No. I dispute that "the empty string has size = 1", which is a
different statement entirely. The sizeof operator cannot accept
strings as an argument

What gave you that idea? Yes it can. Try.

OTOH it's not much use to apply it to a pointer variable which has been
assigned a string.

 

[Philip Potter]

What gave you that idea? Yes it can. Try.

Let's give it a go:

char a[59] = "String 1";
char b[] = "String 2";
char *p = "String 3";

Now, sizeof a tells me the size of the array a, which is 59. The fact
that a contains, in its first 9 bytes, a string of length 8, is neither
here nor there.

sizeof b tells me the size of the array b, which is 9. The fact that it
contains, in its entirety, a string of length 8, is no more relevant
than it was before. The value of the object has no effect on the size of
the object.

sizeof p tells me the size of the pointer p, which is
implementation-defined, but certainly doesn't depend on the length of
the string literal it points to.

I really can't think of anything else which I might try to put into
sizeof to get the size of a string. Perhaps sizeof "String 4" - but
that's the size of a string literal, which is not a string, but a char
[] which contains a string. Besides, once you've used sizeof on a string
literal, you've lost the only reference you had to it.

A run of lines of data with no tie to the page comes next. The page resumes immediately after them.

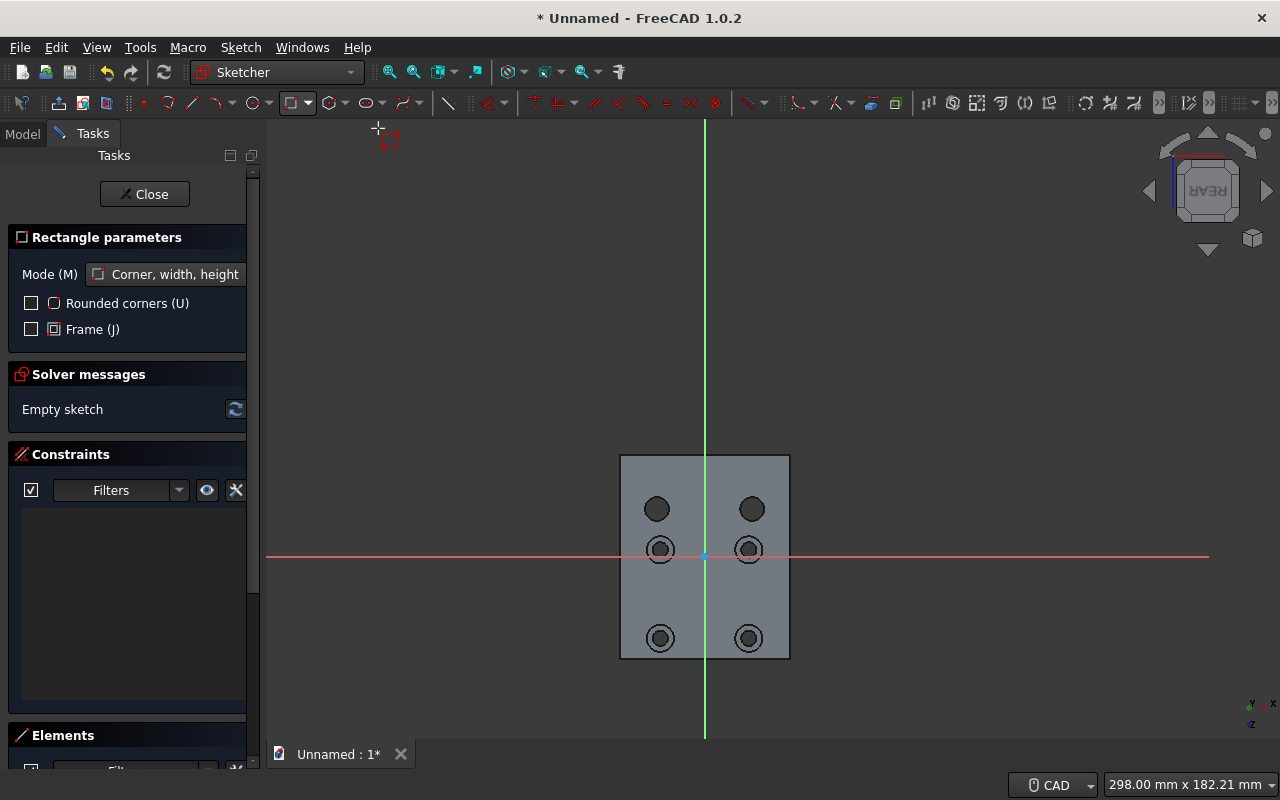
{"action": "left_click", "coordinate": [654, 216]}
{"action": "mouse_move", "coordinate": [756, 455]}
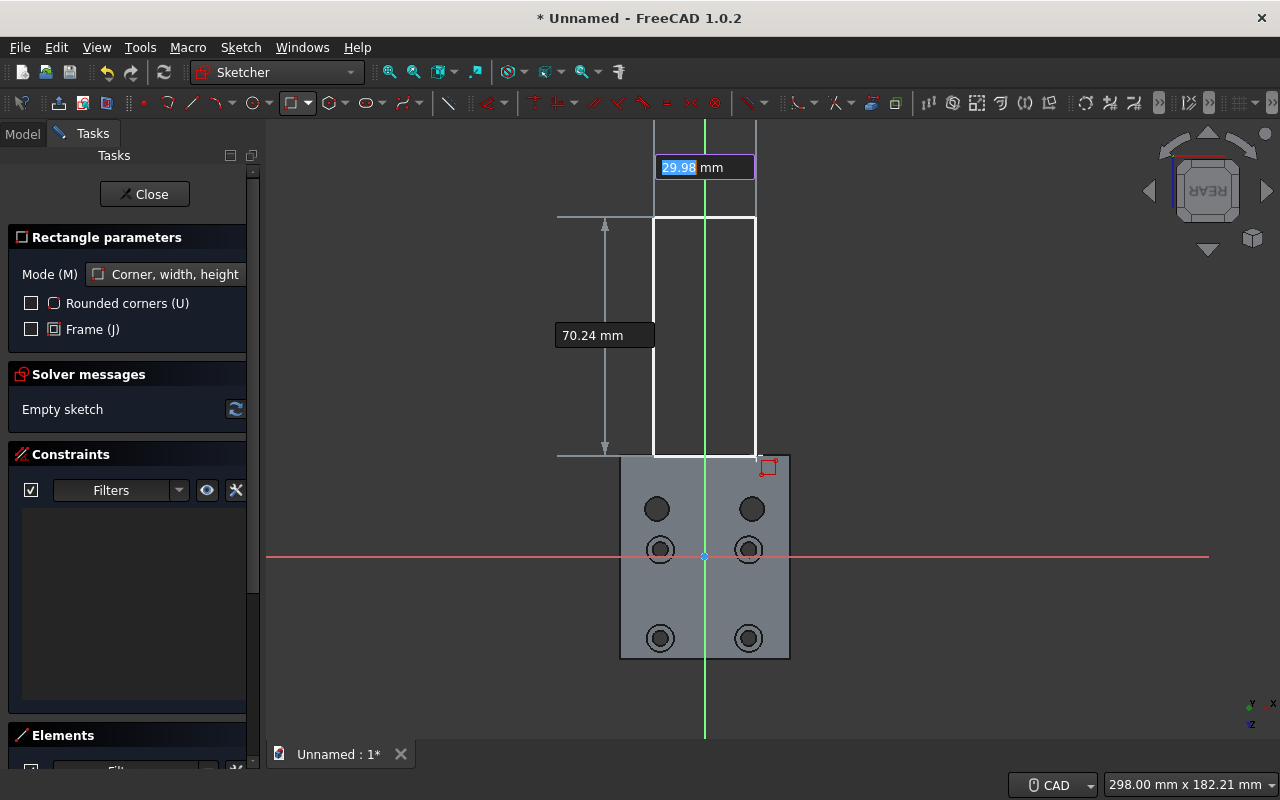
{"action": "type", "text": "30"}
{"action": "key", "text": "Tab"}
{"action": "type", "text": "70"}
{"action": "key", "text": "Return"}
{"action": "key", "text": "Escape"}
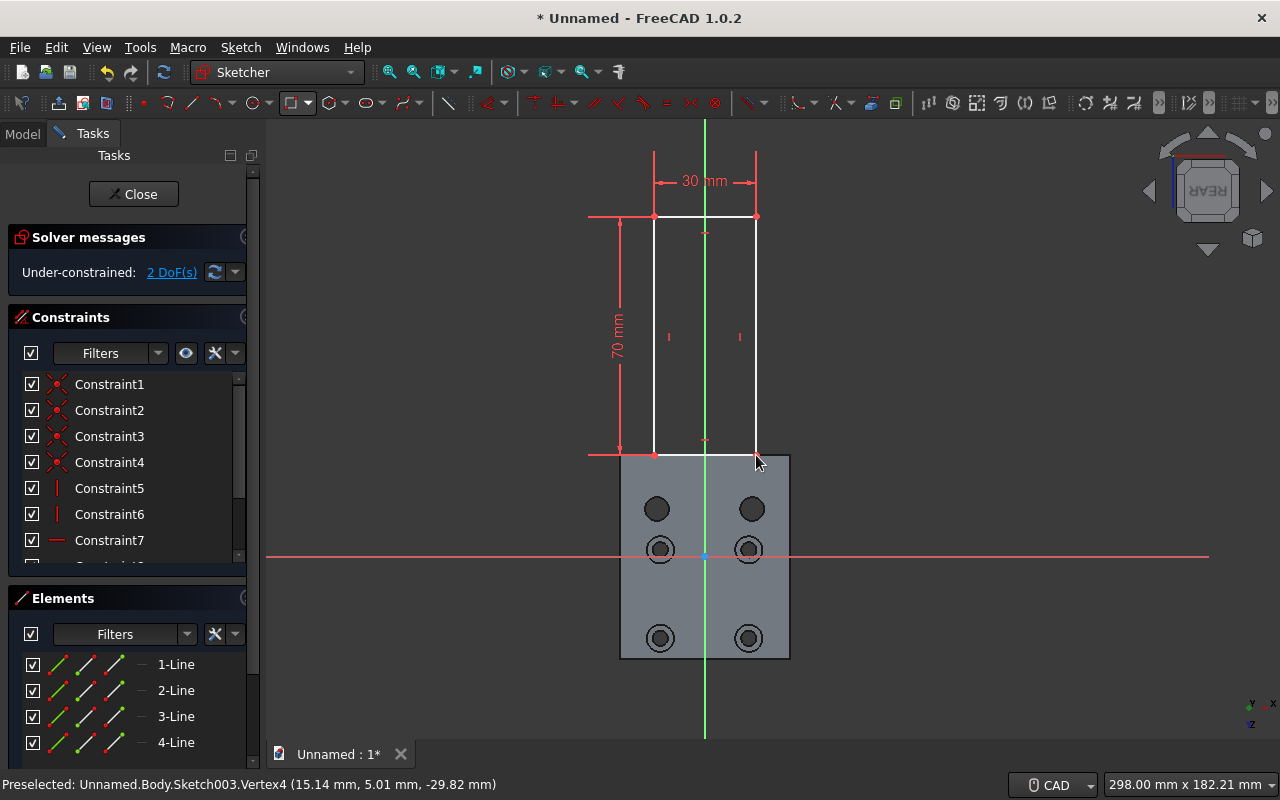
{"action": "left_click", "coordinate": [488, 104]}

If I am mistaken, and there is some obscure syntax which will get the
/string itself/ as the operand of sizeof, and not some object which
contains the string or points to the string, please enlighten me.

OTOH it's not much use to apply it to a pointer variable which has been
assigned a string.

A string, according to the Standard, is a contiguous sequence of
characters terminated by and including the first null character.

The sizeof operator operates on types, whether directly or indirectly.
'sizeof(type_t)' tells you the size, in bytes, of an object of type
type_t. 'sizeof x' tells you the size, in bytes, of the object x, which
is determined purely by its type. A string is not a type. Therefore, the
sizeof operator cannot operate on strings.